# Installation windows 10 parallels desktop



## Camelote (18 Juillet 2017)

Bonjour
Je viens d'installer parallels desktop sur mon imac, j'ai fait migrer mon PC (windows 10) dessus via wifi, Or, quand je veux lancer parallels desktop c'est un écran noir qui apparaît avec écrit 'missing operating system'

L'un de vous saurait-il ce que ça signifie et pourrait-il me venir en aide?

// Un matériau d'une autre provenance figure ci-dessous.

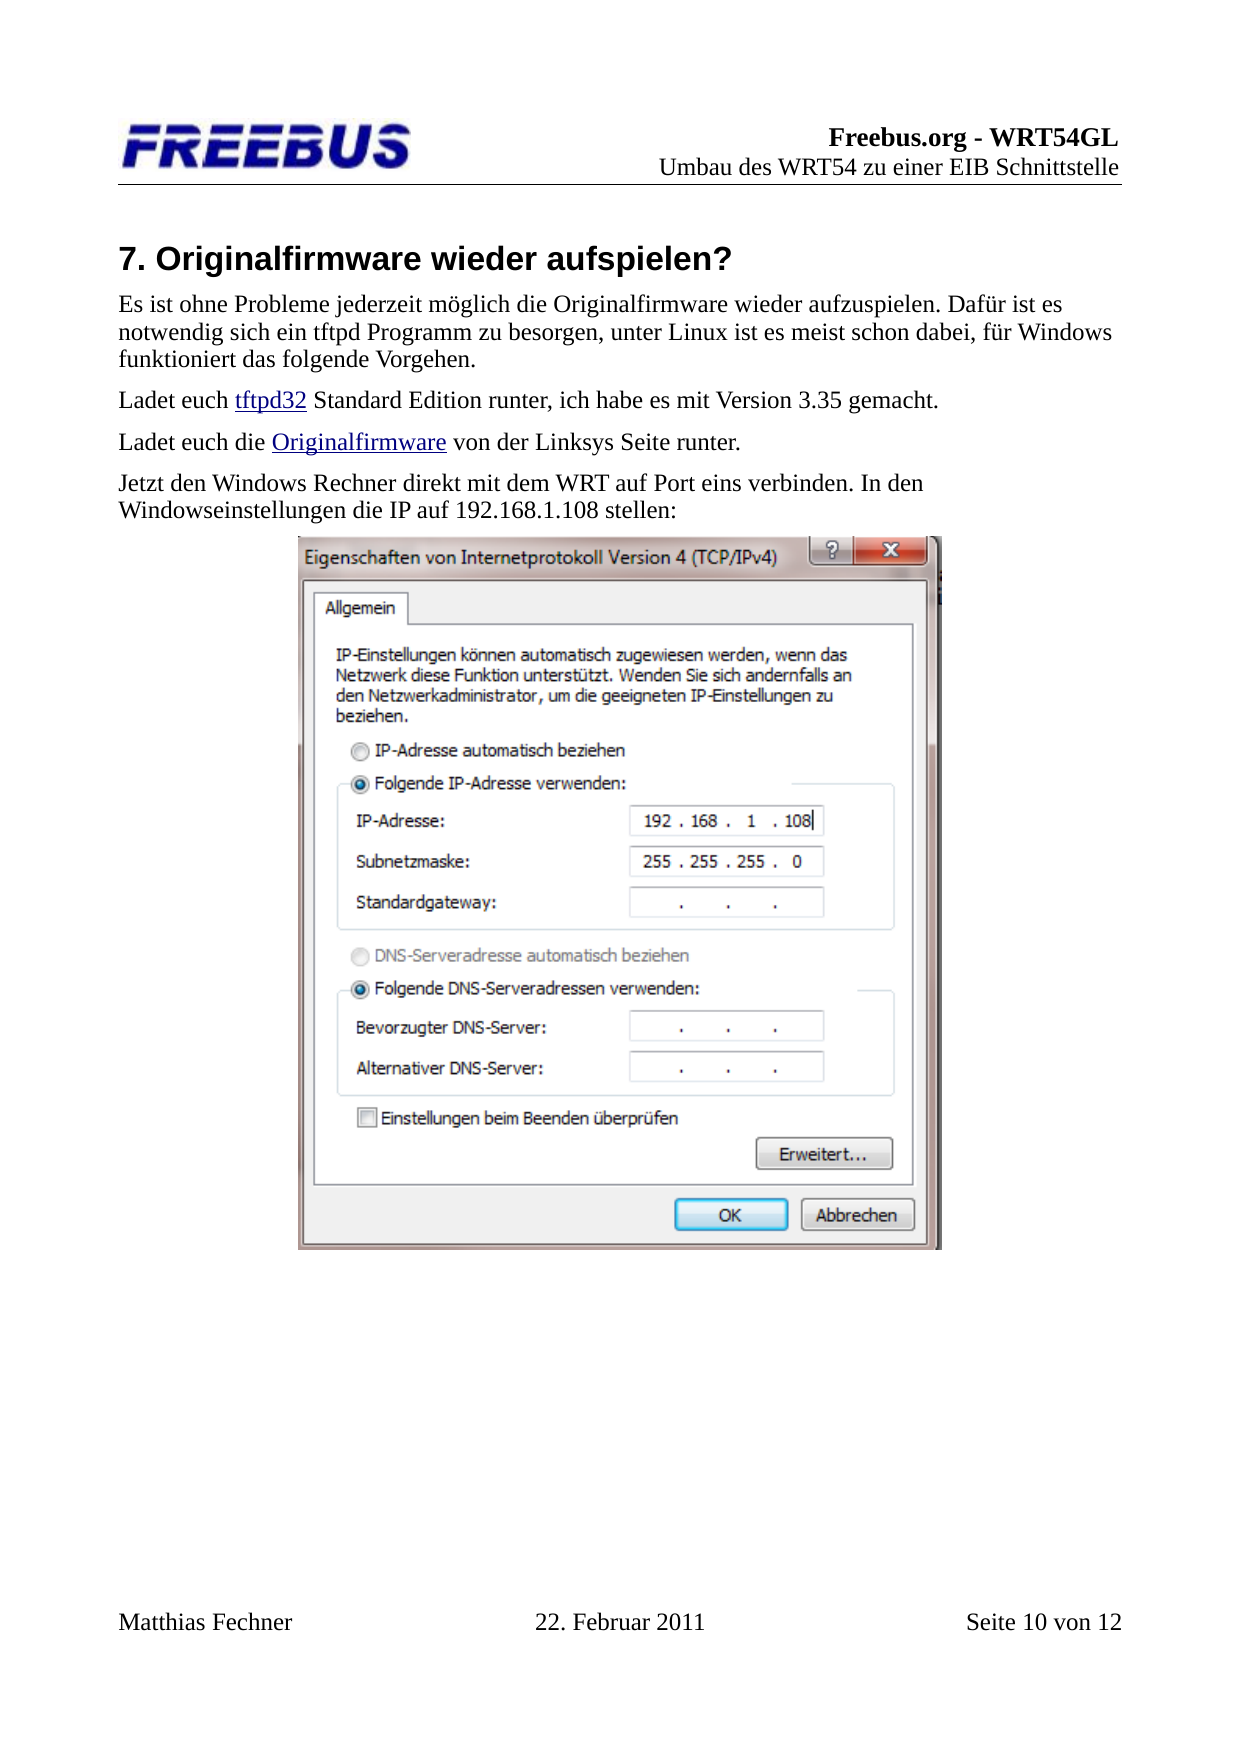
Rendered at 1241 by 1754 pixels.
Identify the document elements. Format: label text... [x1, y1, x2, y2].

La newbie en mac vous remercie par avance....


----------



## Zorglub38 (18 Juillet 2017)

Qu'appelles tu faire migrer ton pc dessus via wifi ??? Pour utiliser win10 ds parallels, il faut d'abord l'installer et l'activer !


----------



## Camelote (18 Juillet 2017)

lors de l'installation de parallels on me propose 3 options, acheter windows 10 direct, installer windows à partir d'un fichier image, ou transférer windows depuis un pc, ce que j'ai fait. Je m'attendais cependant pas à ce que mon PC fonctionne encore, je peux peut-etre en conclure que le transfert ne s'est pas bien fait....


----------



## Zorglub38 (18 Juillet 2017)

C'est surtout que ça n'est pas de cette manière que l'on installe win10 ! Soit tu l'achètes et le télécharges pour l'installer, soit tu l'installes à partir d'une image disque et ensuite tu transfères les données de ton pc dans la nouvelle installation de ton windows.


----------



## Camelote (18 Juillet 2017)

J'ai complètement vidé mon pc des fichiers pour les mettre sur disque dur externe, le mieux que j'ai à faire serait alors de créer une image disque sur mon DD externe pour ensuite l'installer sur parallels?


----------



## Camelote (18 Juillet 2017)

(A noter que mon pc est bon pour la casse, c'est pour ça que je tâche de transférer windows sur parallels, je ne compte plus me servir de ce pc.... )


----------



## Zorglub38 (18 Juillet 2017)

Il faut que tu télécharges le fichier image de windows 10 (https://www.microsoft.com/fr-fr/software-download/windows10ISO) et ensuite tu le sélectionnes dans parallels et tu lances l'installation. A la fin de l'installation, tu peux rapatrier tes fichiers perso comme tu le ferais à partir de n'importe quel windows.


----------



## Zorglub38 (18 Juillet 2017)

Restera le problème de la licence qui n'autorise pas le transfert des droits d'une machine à l'autre. Tu devras certainement payer pour valider ta version.


----------



## Camelote (18 Juillet 2017)

Bon, voilà la donnée qu'il me manquait, je vais voir ça. En tout cas merci pour toutes vos réponses!


----------